Flying Without Wings, Rishabh Puri, 2017

Publishers: HarperCollins Publishers India and Black Ink

Synopsis:

For Milli Bajwa, life is at a stand-still. Grounded in the Chandigarh airport where she works day after day, she watches flights leaving for destinations she knows she’ll never visit. Loveless and luckless, she would rather bury her nose in a book than face her grim reality. And then, on a whim, she swipes right on a new dating app, and finds the man of her dreams – someone who can sweep her off her feet and teach her how to fly. But the mysterious and charming Karan Singhania has secrets of his own, and a heart damaged in more ways than one. This is the story of two people about to find out how far they’re willing to go for the promise of true love.

Review:

I’d like to begin by saying that most Indian romances are too stereotypical and too lovey-dovey for my taste. They have so far never been able to overcome the love I have for my Mills&Boons. However, Flying without Wings was an exquisite read and I truly loved it with all my heart.

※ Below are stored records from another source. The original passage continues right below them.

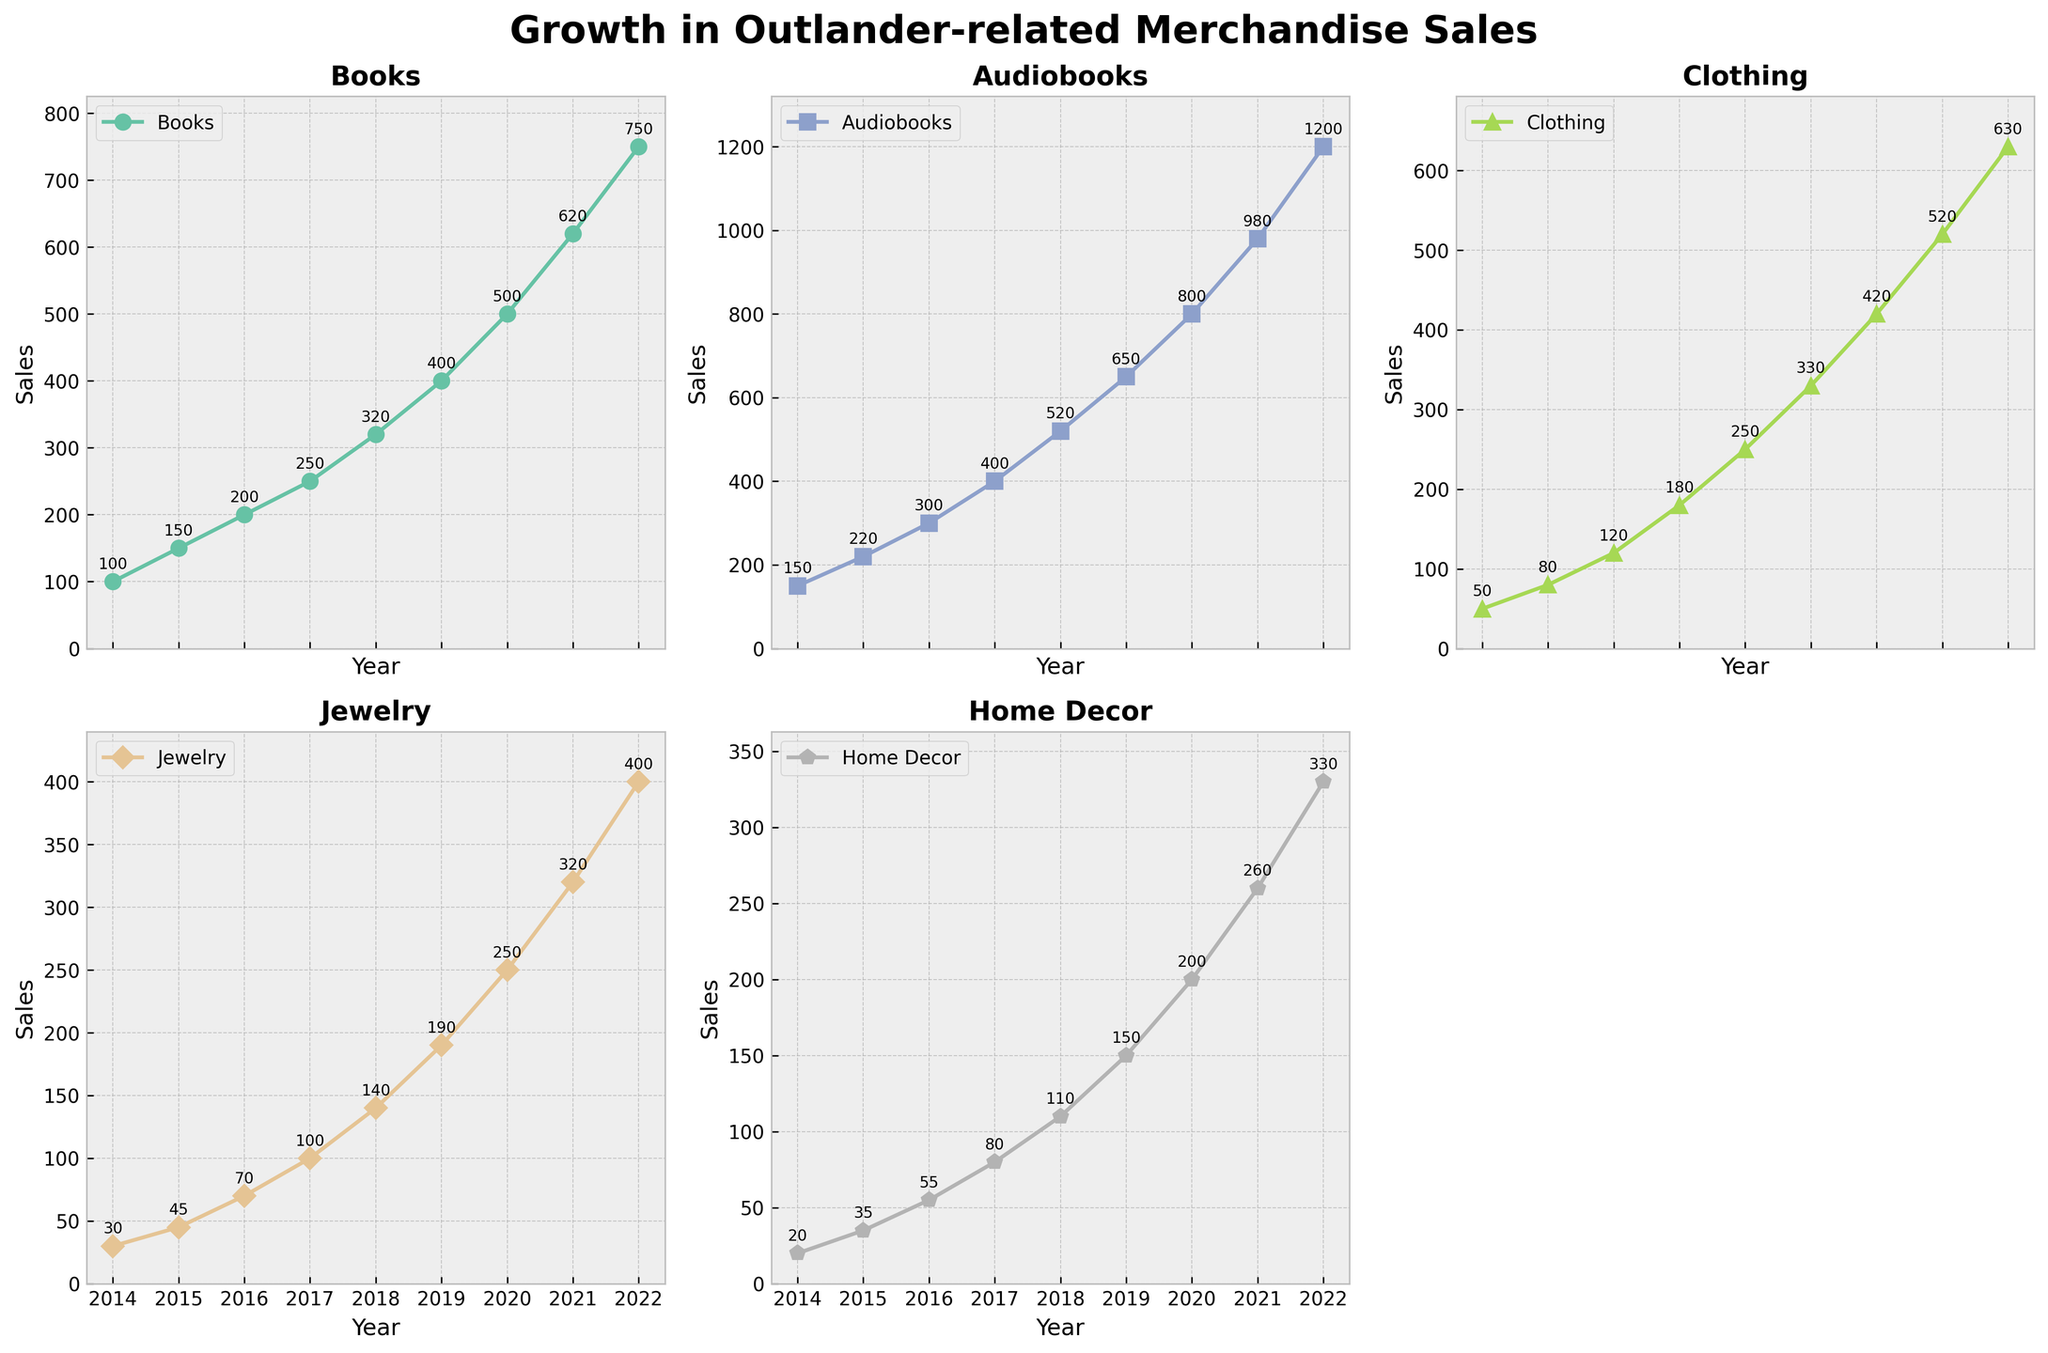What is the title of the figure? The title of the figure is prominently displayed at the top of the image. The title can usually be found at the top center of a plot, summarizing the content of the figure in a concise phrase.
Answer: Growth in Outlander-related Merchandise Sales What is the sales value for Clothing in 2016? Locate the line representing Clothing, find the year 2016 along the x-axis, and then move vertically to the point where the line intersects the year 2016.
Answer: 120 Which product category had the highest sales in 2020? Compare the sales values of all categories for the year 2020 by locating the respective points along the different colored lines on the plot.
Answer: Audiobooks How did the sales of Jewelry change from 2014 to 2022? Identify the sales points for Jewelry in the years 2014 and 2022 respectively, and observe the difference. Sales in 2014 were 30 and in 2022 were 400, indicating a steady increase over the years.
Answer: Steadily Increased What was the combined sales value for Books and Home Decor in 2019? Find the sales values for Books and Home Decor in 2019 separately, which are 400 for Books and 150 for Home Decor, and add these values together.
Answer: 550 Which category experienced the largest increase in sales from 2017 to 2018? Determine the difference in sales for each category between 2017 and 2018. The increments are: Books (+70), Audiobooks (+120), Clothing (+70), Jewelry (+40), Home Decor (+30).
Answer: Audiobooks Which category had the slowest growth in sales over the period depicted in the plot? Compare the initial and final sales figures for each category. Calculating the growth: Books (750-100=650), Audiobooks (1200-150=1050), Clothing (630-50=580), Jewelry (400-30=370), Home Decor (330-20=310).
Answer: Home Decor In which years did the sales of Audiobooks overtake the sales of Books? Identify the points where the Audiobooks line surpasses the Books line by observing the intersecting points and where the Audiobooks line remains higher. This happened starting from 2015 onwards.
Answer: 2015 onwards Which two product categories had the closest sales values in 2022? Compare the ending points (2022) of all the lines to find which two categories have sales values closest to each other. Home Decor (330) and Jewelry (400) have the closest sales figures.
Answer: Home Decor and Jewelry

In terms of the plotline, I found it truly very believable and the common trope of poor-girl-meets-rich-boy had its very own twist making it a very enjoyable read. It also explored the various other aspects of life apart from love- like addiction, loss, friendship, family etc. and these themes were well written and portrayed in the actions of the characters. Milli and Karan are the protagonists of this novel and as we see their evolutions throughout the story, we can understand the different needs and wishes that drive people. Both of them are so different from each other in terms of their job, their salaries, their familial backgrounds and their ways of life. And yet, the one thing that pulls them together is the realization that despite their busy schedules, they are such lonely souls. I must admit that Rahull was not a favourite of mine and yet I found him very relatable- he shows his own shades of grey as a human.

The characters, though few, were very believable in all their true colours- with their feelings of grief, love, etc. The fact that they were shown as all-round characters also help a lot in this sense. For instance, it’s not just the search for love that drives the people, unlike in so many Indian rom-coms; they have their own careers thus managing all the various facet of life. In terms of the editing and grammar, I was delighted not to have found any errors as they are so common in most Indian romance novels.

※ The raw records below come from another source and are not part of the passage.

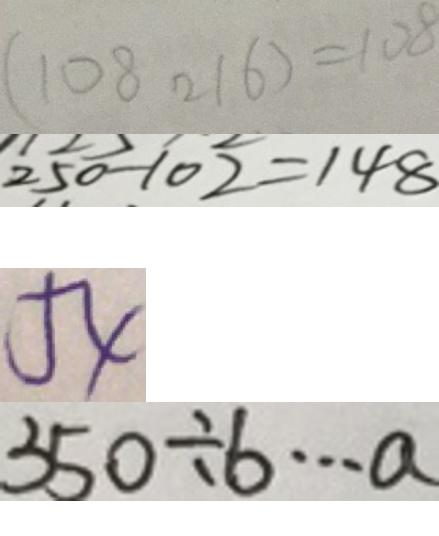Convert formula to latex. <formula><loc_0><loc_0><loc_500><loc_500>( 1 0 8 2 1 6 ) = 1 0 8 
 2 5 0 - 1 0 2 = 1 4 8 
 5 4 
 3 5 0 \div b \cdots a</formula> 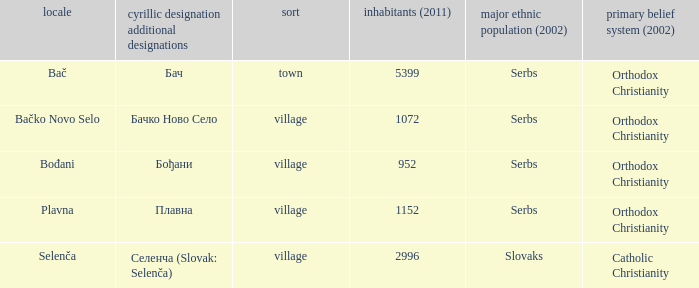What is the ethnic majority in the only town? Serbs. Could you parse the entire table? {'header': ['locale', 'cyrillic designation additional designations', 'sort', 'inhabitants (2011)', 'major ethnic population (2002)', 'primary belief system (2002)'], 'rows': [['Bač', 'Бач', 'town', '5399', 'Serbs', 'Orthodox Christianity'], ['Bačko Novo Selo', 'Бачко Ново Село', 'village', '1072', 'Serbs', 'Orthodox Christianity'], ['Bođani', 'Бођани', 'village', '952', 'Serbs', 'Orthodox Christianity'], ['Plavna', 'Плавна', 'village', '1152', 'Serbs', 'Orthodox Christianity'], ['Selenča', 'Селенча (Slovak: Selenča)', 'village', '2996', 'Slovaks', 'Catholic Christianity']]} 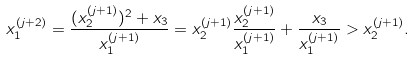Convert formula to latex. <formula><loc_0><loc_0><loc_500><loc_500>x _ { 1 } ^ { ( j + 2 ) } = \frac { ( x _ { 2 } ^ { ( j + 1 ) } ) ^ { 2 } + x _ { 3 } } { x _ { 1 } ^ { ( j + 1 ) } } = x _ { 2 } ^ { ( j + 1 ) } \frac { x _ { 2 } ^ { ( j + 1 ) } } { x _ { 1 } ^ { ( j + 1 ) } } + \frac { x _ { 3 } } { x _ { 1 } ^ { ( j + 1 ) } } > x _ { 2 } ^ { ( j + 1 ) } .</formula>

Some things that didn’t add up made me a bit discomfited, however. For instance, the fact that despite the lower-middle class household portrayed (or even third-class, one could say), Milli seems to have a sedan. It was a bit difficult to digest that considering the fact that they hardly had any money to repair the sink when it broke. Moreover, I was wondering if opiates aren’t costly since the mother seems to be popping them like candy, along with her alcohol addiction as well. These were a few inaccuracies that just didn’t add up at all.

Verdict:

I rate this book a 4/5 stars and recommend it to, all those who are ‘suckers’ for romance- a must read.